■ **Required action**:
Work through the listing below and state how many of its lines hold the word "Step". Give no other output.

Extracted data: Begin

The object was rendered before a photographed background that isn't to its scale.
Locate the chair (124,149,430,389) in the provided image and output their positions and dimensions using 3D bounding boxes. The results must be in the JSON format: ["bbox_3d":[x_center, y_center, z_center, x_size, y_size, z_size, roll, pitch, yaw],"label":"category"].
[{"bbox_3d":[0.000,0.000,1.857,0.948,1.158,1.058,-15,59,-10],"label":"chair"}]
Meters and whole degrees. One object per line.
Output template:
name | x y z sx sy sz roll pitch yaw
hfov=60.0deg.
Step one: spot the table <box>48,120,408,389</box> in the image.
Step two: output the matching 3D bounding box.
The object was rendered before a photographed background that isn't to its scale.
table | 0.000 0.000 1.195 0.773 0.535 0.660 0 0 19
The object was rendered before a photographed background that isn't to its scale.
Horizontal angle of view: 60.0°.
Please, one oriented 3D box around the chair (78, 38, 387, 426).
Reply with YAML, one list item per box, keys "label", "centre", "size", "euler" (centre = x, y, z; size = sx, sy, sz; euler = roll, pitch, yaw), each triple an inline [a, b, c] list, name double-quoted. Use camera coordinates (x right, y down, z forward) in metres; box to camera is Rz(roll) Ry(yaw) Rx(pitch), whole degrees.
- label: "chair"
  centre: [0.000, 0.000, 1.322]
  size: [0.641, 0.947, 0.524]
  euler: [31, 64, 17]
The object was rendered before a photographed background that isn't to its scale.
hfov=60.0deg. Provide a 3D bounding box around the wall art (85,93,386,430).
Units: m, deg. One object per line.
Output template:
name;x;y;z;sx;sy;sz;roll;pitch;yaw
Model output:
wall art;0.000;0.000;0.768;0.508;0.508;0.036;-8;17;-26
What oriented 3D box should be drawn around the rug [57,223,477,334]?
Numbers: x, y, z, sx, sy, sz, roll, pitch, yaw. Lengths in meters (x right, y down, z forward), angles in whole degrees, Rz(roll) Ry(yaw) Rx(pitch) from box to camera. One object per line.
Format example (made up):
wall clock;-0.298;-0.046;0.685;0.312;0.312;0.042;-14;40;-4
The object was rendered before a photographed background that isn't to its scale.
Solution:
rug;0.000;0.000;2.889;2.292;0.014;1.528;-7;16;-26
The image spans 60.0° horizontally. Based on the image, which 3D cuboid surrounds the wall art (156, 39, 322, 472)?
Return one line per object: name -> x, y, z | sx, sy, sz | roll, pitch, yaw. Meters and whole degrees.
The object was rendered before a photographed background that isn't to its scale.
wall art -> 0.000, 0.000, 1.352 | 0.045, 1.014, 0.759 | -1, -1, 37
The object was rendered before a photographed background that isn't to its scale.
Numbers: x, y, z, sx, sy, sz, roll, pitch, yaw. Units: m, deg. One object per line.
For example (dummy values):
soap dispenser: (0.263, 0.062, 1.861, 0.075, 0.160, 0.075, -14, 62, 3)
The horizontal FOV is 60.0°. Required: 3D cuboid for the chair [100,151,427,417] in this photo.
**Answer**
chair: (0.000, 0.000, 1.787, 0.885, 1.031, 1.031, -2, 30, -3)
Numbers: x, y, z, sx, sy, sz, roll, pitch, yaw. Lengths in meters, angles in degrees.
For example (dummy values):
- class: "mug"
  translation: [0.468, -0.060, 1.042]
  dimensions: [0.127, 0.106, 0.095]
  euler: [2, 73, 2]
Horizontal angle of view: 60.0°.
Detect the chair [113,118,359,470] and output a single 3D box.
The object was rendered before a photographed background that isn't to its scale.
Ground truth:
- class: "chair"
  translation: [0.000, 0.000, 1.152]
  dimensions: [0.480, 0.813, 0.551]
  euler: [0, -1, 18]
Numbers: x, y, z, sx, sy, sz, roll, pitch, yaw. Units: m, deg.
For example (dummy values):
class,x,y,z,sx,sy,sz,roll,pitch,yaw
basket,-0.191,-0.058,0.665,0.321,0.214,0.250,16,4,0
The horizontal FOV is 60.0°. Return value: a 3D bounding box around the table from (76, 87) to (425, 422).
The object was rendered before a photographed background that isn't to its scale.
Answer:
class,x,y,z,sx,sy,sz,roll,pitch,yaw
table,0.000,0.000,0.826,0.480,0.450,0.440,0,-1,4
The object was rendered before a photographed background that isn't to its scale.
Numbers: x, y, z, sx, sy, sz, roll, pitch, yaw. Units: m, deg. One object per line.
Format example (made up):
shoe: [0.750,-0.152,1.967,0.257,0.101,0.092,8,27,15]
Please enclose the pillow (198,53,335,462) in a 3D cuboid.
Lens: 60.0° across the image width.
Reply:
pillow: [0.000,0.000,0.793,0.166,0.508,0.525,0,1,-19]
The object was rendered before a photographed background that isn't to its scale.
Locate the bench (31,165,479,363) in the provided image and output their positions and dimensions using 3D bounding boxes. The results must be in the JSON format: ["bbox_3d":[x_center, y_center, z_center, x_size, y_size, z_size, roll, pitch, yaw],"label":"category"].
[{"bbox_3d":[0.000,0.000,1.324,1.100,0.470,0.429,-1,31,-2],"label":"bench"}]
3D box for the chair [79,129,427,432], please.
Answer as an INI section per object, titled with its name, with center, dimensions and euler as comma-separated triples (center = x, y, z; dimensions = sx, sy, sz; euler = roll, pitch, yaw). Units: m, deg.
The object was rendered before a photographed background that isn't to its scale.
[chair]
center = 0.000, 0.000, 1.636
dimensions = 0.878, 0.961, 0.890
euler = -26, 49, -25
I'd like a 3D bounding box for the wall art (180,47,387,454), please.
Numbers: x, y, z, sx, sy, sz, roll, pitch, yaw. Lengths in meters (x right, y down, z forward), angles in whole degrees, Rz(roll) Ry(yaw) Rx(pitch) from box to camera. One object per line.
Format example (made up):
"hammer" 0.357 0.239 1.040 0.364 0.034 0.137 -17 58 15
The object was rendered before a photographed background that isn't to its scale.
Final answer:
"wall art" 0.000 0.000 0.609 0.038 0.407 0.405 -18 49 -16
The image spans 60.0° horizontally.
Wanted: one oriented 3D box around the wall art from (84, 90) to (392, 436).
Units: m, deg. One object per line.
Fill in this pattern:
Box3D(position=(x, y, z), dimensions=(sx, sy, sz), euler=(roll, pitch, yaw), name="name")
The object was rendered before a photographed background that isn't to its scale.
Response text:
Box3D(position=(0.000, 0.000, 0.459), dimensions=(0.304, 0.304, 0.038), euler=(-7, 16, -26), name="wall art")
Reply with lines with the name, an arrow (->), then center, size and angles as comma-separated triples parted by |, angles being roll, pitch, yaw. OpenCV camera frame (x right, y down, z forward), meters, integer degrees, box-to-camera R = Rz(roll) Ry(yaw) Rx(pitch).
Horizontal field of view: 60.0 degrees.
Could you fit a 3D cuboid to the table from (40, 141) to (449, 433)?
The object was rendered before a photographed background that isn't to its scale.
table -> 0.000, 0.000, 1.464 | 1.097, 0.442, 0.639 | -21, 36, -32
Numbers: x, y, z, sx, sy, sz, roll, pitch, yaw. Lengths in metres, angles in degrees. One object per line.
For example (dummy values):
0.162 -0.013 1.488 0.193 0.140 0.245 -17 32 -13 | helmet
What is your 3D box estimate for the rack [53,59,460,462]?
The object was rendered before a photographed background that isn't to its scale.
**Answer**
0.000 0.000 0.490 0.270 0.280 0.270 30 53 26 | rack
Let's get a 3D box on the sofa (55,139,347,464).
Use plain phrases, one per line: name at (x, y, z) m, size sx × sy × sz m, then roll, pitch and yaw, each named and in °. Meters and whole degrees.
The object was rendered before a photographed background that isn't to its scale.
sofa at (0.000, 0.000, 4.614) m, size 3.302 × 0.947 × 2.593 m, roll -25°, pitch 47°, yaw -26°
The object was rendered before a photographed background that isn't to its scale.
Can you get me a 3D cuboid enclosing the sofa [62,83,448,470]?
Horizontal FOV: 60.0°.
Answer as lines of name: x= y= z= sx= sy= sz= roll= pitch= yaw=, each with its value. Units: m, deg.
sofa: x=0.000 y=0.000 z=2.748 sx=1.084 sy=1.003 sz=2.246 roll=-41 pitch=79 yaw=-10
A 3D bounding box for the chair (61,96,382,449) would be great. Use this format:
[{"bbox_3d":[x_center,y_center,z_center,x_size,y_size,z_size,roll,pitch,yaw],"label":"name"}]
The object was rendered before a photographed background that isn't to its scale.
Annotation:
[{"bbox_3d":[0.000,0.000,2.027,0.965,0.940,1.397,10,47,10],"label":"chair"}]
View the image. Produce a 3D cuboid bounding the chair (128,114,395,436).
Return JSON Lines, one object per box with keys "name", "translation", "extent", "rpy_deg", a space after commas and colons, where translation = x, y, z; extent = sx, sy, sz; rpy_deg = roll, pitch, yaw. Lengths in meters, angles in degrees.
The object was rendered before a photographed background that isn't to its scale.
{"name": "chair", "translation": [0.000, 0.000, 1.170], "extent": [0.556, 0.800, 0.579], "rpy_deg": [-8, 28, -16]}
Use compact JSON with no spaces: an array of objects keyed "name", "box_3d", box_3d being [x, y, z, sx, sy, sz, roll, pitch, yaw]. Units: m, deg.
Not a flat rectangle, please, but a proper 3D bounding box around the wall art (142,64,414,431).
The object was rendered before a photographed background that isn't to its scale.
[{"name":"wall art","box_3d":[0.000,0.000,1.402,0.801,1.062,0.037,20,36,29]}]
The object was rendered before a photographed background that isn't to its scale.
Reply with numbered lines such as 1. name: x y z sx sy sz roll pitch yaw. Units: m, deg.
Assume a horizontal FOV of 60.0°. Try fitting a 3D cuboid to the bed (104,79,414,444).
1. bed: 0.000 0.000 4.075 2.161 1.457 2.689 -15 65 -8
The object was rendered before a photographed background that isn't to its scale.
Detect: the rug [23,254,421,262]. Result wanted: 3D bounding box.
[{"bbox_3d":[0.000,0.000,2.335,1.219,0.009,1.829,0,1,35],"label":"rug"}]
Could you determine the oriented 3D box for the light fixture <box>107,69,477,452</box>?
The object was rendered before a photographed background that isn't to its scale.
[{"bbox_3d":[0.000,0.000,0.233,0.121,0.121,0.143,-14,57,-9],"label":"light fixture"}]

Extracted data: End

■ **Final answer**:
2